**TASK ITEM:** Could you output every record below exactly as it appears?

**RECORDS TO USE:**
-------------------------

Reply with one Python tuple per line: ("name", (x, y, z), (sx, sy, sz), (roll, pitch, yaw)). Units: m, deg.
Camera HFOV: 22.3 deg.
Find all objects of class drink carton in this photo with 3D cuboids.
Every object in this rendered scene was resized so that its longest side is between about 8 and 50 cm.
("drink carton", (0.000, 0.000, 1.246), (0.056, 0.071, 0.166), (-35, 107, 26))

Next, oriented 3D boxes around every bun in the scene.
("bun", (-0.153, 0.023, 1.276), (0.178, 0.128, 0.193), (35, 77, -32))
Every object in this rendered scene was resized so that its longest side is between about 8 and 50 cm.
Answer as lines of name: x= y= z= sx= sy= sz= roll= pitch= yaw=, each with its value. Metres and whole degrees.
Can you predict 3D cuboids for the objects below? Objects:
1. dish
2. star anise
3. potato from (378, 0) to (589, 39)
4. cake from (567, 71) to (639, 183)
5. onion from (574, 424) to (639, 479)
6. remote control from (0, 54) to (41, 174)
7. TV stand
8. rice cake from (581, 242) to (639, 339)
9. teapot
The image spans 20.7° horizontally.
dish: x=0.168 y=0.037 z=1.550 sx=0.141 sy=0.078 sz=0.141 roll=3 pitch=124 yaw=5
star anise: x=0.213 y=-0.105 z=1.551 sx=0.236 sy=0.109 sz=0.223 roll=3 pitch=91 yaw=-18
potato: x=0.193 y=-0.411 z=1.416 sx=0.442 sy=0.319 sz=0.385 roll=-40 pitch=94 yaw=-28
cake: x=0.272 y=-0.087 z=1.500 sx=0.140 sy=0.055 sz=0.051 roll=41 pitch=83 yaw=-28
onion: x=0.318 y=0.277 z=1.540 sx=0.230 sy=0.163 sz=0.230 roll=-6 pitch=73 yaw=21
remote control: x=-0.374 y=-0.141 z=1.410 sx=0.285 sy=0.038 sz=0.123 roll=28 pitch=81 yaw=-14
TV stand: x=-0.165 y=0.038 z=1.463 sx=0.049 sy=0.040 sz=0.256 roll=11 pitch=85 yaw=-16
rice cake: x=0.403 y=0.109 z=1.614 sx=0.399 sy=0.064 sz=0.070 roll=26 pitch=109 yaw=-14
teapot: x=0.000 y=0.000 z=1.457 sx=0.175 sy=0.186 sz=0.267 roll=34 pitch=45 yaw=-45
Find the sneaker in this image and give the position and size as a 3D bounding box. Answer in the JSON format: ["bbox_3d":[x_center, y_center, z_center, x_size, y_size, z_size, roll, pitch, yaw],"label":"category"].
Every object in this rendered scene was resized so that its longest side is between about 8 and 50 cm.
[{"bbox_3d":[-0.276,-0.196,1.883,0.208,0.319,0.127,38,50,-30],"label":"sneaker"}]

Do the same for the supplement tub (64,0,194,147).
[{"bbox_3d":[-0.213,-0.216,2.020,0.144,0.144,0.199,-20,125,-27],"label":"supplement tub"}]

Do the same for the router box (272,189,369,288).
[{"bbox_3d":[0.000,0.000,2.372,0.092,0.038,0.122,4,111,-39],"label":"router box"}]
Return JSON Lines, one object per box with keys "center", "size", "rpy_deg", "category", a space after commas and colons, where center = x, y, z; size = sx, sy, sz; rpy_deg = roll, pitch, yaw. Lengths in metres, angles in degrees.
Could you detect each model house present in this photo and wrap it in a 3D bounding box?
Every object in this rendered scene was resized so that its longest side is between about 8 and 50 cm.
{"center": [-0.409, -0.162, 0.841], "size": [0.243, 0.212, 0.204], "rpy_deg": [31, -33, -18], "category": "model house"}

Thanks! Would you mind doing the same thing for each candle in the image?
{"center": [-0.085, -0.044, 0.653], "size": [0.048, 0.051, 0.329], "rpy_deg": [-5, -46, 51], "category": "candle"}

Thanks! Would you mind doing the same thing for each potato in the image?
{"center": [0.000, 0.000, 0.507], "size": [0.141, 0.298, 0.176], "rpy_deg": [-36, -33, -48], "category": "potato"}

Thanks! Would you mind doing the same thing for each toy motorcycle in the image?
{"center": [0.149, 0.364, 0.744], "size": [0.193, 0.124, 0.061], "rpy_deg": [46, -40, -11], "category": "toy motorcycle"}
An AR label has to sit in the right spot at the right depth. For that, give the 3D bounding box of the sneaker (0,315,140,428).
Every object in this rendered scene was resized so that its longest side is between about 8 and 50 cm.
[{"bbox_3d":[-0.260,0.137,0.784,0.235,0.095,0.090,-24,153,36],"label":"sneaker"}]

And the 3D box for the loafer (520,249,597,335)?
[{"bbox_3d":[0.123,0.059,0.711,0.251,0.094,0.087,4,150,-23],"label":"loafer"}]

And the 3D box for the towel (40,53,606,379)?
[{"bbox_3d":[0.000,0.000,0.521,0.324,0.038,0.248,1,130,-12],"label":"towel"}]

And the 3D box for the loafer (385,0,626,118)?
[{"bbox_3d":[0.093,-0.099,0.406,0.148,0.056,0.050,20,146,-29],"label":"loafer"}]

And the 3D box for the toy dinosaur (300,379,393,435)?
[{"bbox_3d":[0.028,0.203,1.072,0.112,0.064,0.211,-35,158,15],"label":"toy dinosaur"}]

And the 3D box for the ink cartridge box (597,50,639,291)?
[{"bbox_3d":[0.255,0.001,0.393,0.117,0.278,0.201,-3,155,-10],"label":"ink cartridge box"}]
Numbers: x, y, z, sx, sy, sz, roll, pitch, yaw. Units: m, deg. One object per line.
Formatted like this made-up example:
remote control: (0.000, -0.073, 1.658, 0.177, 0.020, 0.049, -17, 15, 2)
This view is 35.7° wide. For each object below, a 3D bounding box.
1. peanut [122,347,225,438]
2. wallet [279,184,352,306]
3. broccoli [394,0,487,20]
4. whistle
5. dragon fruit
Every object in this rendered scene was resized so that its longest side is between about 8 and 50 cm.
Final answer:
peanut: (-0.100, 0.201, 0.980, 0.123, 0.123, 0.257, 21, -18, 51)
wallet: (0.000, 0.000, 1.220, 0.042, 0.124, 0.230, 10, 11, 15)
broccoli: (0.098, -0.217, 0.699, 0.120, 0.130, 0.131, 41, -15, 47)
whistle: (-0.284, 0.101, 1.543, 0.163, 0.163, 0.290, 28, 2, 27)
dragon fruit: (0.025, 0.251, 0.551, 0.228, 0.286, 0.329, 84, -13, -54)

-------------------------

**REPLY TO THE TASK:**
Reply with one Python tuple per line: ("name", (x, y, z), (sx, sy, sz), (roll, pitch, yaw)). Units: m, deg.
Camera HFOV: 22.3 deg.
Find all objects of class drink carton in this photo with 3D cuboids.
Every object in this rendered scene was resized so that its longest side is between about 8 and 50 cm.
("drink carton", (0.000, 0.000, 1.246), (0.056, 0.071, 0.166), (-35, 107, 26))

Next, oriented 3D boxes around every bun in the scene.
("bun", (-0.153, 0.023, 1.276), (0.178, 0.128, 0.193), (35, 77, -32))
Every object in this rendered scene was resized so that its longest side is between about 8 and 50 cm.
Answer as lines of name: x= y= z= sx= sy= sz= roll= pitch= yaw=, each with its value. Metres and whole degrees.
Can you predict 3D cuboids for the objects below? Objects:
1. dish
2. star anise
3. potato from (378, 0) to (589, 39)
4. cake from (567, 71) to (639, 183)
5. onion from (574, 424) to (639, 479)
6. remote control from (0, 54) to (41, 174)
7. TV stand
8. rice cake from (581, 242) to (639, 339)
9. teapot
The image spans 20.7° horizontally.
dish: x=0.168 y=0.037 z=1.550 sx=0.141 sy=0.078 sz=0.141 roll=3 pitch=124 yaw=5
star anise: x=0.213 y=-0.105 z=1.551 sx=0.236 sy=0.109 sz=0.223 roll=3 pitch=91 yaw=-18
potato: x=0.193 y=-0.411 z=1.416 sx=0.442 sy=0.319 sz=0.385 roll=-40 pitch=94 yaw=-28
cake: x=0.272 y=-0.087 z=1.500 sx=0.140 sy=0.055 sz=0.051 roll=41 pitch=83 yaw=-28
onion: x=0.318 y=0.277 z=1.540 sx=0.230 sy=0.163 sz=0.230 roll=-6 pitch=73 yaw=21
remote control: x=-0.374 y=-0.141 z=1.410 sx=0.285 sy=0.038 sz=0.123 roll=28 pitch=81 yaw=-14
TV stand: x=-0.165 y=0.038 z=1.463 sx=0.049 sy=0.040 sz=0.256 roll=11 pitch=85 yaw=-16
rice cake: x=0.403 y=0.109 z=1.614 sx=0.399 sy=0.064 sz=0.070 roll=26 pitch=109 yaw=-14
teapot: x=0.000 y=0.000 z=1.457 sx=0.175 sy=0.186 sz=0.267 roll=34 pitch=45 yaw=-45
Find the sneaker in this image and give the position and size as a 3D bounding box. Answer in the JSON format: ["bbox_3d":[x_center, y_center, z_center, x_size, y_size, z_size, roll, pitch, yaw],"label":"category"].
Every object in this rendered scene was resized so that its longest side is between about 8 and 50 cm.
[{"bbox_3d":[-0.276,-0.196,1.883,0.208,0.319,0.127,38,50,-30],"label":"sneaker"}]

Do the same for the supplement tub (64,0,194,147).
[{"bbox_3d":[-0.213,-0.216,2.020,0.144,0.144,0.199,-20,125,-27],"label":"supplement tub"}]

Do the same for the router box (272,189,369,288).
[{"bbox_3d":[0.000,0.000,2.372,0.092,0.038,0.122,4,111,-39],"label":"router box"}]
Return JSON Lines, one object per box with keys "center", "size", "rpy_deg", "category", a space after commas and colons, where center = x, y, z; size = sx, sy, sz; rpy_deg = roll, pitch, yaw. Lengths in metres, angles in degrees.
Could you detect each model house present in this photo and wrap it in a 3D bounding box?
Every object in this rendered scene was resized so that its longest side is between about 8 and 50 cm.
{"center": [-0.409, -0.162, 0.841], "size": [0.243, 0.212, 0.204], "rpy_deg": [31, -33, -18], "category": "model house"}

Thanks! Would you mind doing the same thing for each candle in the image?
{"center": [-0.085, -0.044, 0.653], "size": [0.048, 0.051, 0.329], "rpy_deg": [-5, -46, 51], "category": "candle"}

Thanks! Would you mind doing the same thing for each potato in the image?
{"center": [0.000, 0.000, 0.507], "size": [0.141, 0.298, 0.176], "rpy_deg": [-36, -33, -48], "category": "potato"}

Thanks! Would you mind doing the same thing for each toy motorcycle in the image?
{"center": [0.149, 0.364, 0.744], "size": [0.193, 0.124, 0.061], "rpy_deg": [46, -40, -11], "category": "toy motorcycle"}
An AR label has to sit in the right spot at the right depth. For that, give the 3D bounding box of the sneaker (0,315,140,428).
Every object in this rendered scene was resized so that its longest side is between about 8 and 50 cm.
[{"bbox_3d":[-0.260,0.137,0.784,0.235,0.095,0.090,-24,153,36],"label":"sneaker"}]

And the 3D box for the loafer (520,249,597,335)?
[{"bbox_3d":[0.123,0.059,0.711,0.251,0.094,0.087,4,150,-23],"label":"loafer"}]

And the 3D box for the towel (40,53,606,379)?
[{"bbox_3d":[0.000,0.000,0.521,0.324,0.038,0.248,1,130,-12],"label":"towel"}]

And the 3D box for the loafer (385,0,626,118)?
[{"bbox_3d":[0.093,-0.099,0.406,0.148,0.056,0.050,20,146,-29],"label":"loafer"}]

And the 3D box for the toy dinosaur (300,379,393,435)?
[{"bbox_3d":[0.028,0.203,1.072,0.112,0.064,0.211,-35,158,15],"label":"toy dinosaur"}]

And the 3D box for the ink cartridge box (597,50,639,291)?
[{"bbox_3d":[0.255,0.001,0.393,0.117,0.278,0.201,-3,155,-10],"label":"ink cartridge box"}]
Numbers: x, y, z, sx, sy, sz, roll, pitch, yaw. Units: m, deg. One object per line.
Formatted like this made-up example:
remote control: (0.000, -0.073, 1.658, 0.177, 0.020, 0.049, -17, 15, 2)
This view is 35.7° wide. For each object below, a 3D bounding box.
1. peanut [122,347,225,438]
2. wallet [279,184,352,306]
3. broccoli [394,0,487,20]
4. whistle
5. dragon fruit
Every object in this rendered scene was resized so that its longest side is between about 8 and 50 cm.
Final answer:
peanut: (-0.100, 0.201, 0.980, 0.123, 0.123, 0.257, 21, -18, 51)
wallet: (0.000, 0.000, 1.220, 0.042, 0.124, 0.230, 10, 11, 15)
broccoli: (0.098, -0.217, 0.699, 0.120, 0.130, 0.131, 41, -15, 47)
whistle: (-0.284, 0.101, 1.543, 0.163, 0.163, 0.290, 28, 2, 27)
dragon fruit: (0.025, 0.251, 0.551, 0.228, 0.286, 0.329, 84, -13, -54)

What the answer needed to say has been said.